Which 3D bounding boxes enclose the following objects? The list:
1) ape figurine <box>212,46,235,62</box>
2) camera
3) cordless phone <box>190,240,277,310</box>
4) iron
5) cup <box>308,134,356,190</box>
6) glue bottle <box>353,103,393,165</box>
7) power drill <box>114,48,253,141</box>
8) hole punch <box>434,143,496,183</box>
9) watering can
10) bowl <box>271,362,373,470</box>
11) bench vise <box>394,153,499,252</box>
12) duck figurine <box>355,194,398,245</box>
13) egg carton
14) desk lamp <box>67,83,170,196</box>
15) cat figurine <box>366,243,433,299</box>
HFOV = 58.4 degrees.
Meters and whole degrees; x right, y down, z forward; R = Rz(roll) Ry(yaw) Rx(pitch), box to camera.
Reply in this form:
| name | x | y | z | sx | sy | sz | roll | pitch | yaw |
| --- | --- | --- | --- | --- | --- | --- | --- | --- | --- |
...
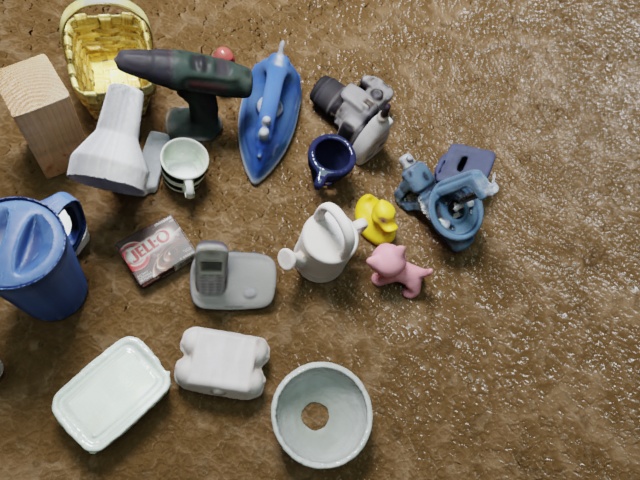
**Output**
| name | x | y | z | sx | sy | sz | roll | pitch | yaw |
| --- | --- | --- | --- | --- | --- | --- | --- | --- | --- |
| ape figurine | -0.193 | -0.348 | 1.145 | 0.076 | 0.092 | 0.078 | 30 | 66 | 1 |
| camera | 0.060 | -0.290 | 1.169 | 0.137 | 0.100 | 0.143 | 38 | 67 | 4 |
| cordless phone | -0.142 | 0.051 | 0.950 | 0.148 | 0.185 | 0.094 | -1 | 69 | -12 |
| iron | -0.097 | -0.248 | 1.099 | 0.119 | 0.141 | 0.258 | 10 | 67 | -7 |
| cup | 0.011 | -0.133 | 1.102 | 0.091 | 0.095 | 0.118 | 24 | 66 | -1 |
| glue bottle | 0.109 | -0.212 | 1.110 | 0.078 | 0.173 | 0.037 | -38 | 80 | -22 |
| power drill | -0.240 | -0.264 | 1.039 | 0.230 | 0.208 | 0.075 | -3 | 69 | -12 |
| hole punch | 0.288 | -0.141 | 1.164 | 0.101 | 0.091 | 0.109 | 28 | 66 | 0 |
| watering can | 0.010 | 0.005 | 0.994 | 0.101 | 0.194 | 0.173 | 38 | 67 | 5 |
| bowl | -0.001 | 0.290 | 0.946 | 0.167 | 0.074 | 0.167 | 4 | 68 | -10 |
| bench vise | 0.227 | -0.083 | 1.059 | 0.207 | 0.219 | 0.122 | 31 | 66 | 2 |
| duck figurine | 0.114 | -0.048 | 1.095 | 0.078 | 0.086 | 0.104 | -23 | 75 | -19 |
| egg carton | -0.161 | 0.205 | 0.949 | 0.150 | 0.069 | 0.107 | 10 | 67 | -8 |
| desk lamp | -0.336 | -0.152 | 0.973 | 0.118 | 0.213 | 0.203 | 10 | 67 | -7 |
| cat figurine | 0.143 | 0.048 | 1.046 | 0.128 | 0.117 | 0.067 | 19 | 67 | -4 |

##############################

→ ACTIVITY
Are you able to set down all the lines above exactly, without any pictures?

→ REPLY TO THE TASK
Which 3D bounding boxes enclose the following objects? The list:
1) ape figurine <box>212,46,235,62</box>
2) camera
3) cordless phone <box>190,240,277,310</box>
4) iron
5) cup <box>308,134,356,190</box>
6) glue bottle <box>353,103,393,165</box>
7) power drill <box>114,48,253,141</box>
8) hole punch <box>434,143,496,183</box>
9) watering can
10) bowl <box>271,362,373,470</box>
11) bench vise <box>394,153,499,252</box>
12) duck figurine <box>355,194,398,245</box>
13) egg carton
14) desk lamp <box>67,83,170,196</box>
15) cat figurine <box>366,243,433,299</box>
HFOV = 58.4 degrees.
Meters and whole degrees; x right, y down, z forward; R = Rz(roll) Ry(yaw) Rx(pitch), box to camera.
Reply in this form:
| name | x | y | z | sx | sy | sz | roll | pitch | yaw |
| --- | --- | --- | --- | --- | --- | --- | --- | --- | --- |
...
**Output**
| name | x | y | z | sx | sy | sz | roll | pitch | yaw |
| --- | --- | --- | --- | --- | --- | --- | --- | --- | --- |
| ape figurine | -0.193 | -0.348 | 1.145 | 0.076 | 0.092 | 0.078 | 30 | 66 | 1 |
| camera | 0.060 | -0.290 | 1.169 | 0.137 | 0.100 | 0.143 | 38 | 67 | 4 |
| cordless phone | -0.142 | 0.051 | 0.950 | 0.148 | 0.185 | 0.094 | -1 | 69 | -12 |
| iron | -0.097 | -0.248 | 1.099 | 0.119 | 0.141 | 0.258 | 10 | 67 | -7 |
| cup | 0.011 | -0.133 | 1.102 | 0.091 | 0.095 | 0.118 | 24 | 66 | -1 |
| glue bottle | 0.109 | -0.212 | 1.110 | 0.078 | 0.173 | 0.037 | -38 | 80 | -22 |
| power drill | -0.240 | -0.264 | 1.039 | 0.230 | 0.208 | 0.075 | -3 | 69 | -12 |
| hole punch | 0.288 | -0.141 | 1.164 | 0.101 | 0.091 | 0.109 | 28 | 66 | 0 |
| watering can | 0.010 | 0.005 | 0.994 | 0.101 | 0.194 | 0.173 | 38 | 67 | 5 |
| bowl | -0.001 | 0.290 | 0.946 | 0.167 | 0.074 | 0.167 | 4 | 68 | -10 |
| bench vise | 0.227 | -0.083 | 1.059 | 0.207 | 0.219 | 0.122 | 31 | 66 | 2 |
| duck figurine | 0.114 | -0.048 | 1.095 | 0.078 | 0.086 | 0.104 | -23 | 75 | -19 |
| egg carton | -0.161 | 0.205 | 0.949 | 0.150 | 0.069 | 0.107 | 10 | 67 | -8 |
| desk lamp | -0.336 | -0.152 | 0.973 | 0.118 | 0.213 | 0.203 | 10 | 67 | -7 |
| cat figurine | 0.143 | 0.048 | 1.046 | 0.128 | 0.117 | 0.067 | 19 | 67 | -4 |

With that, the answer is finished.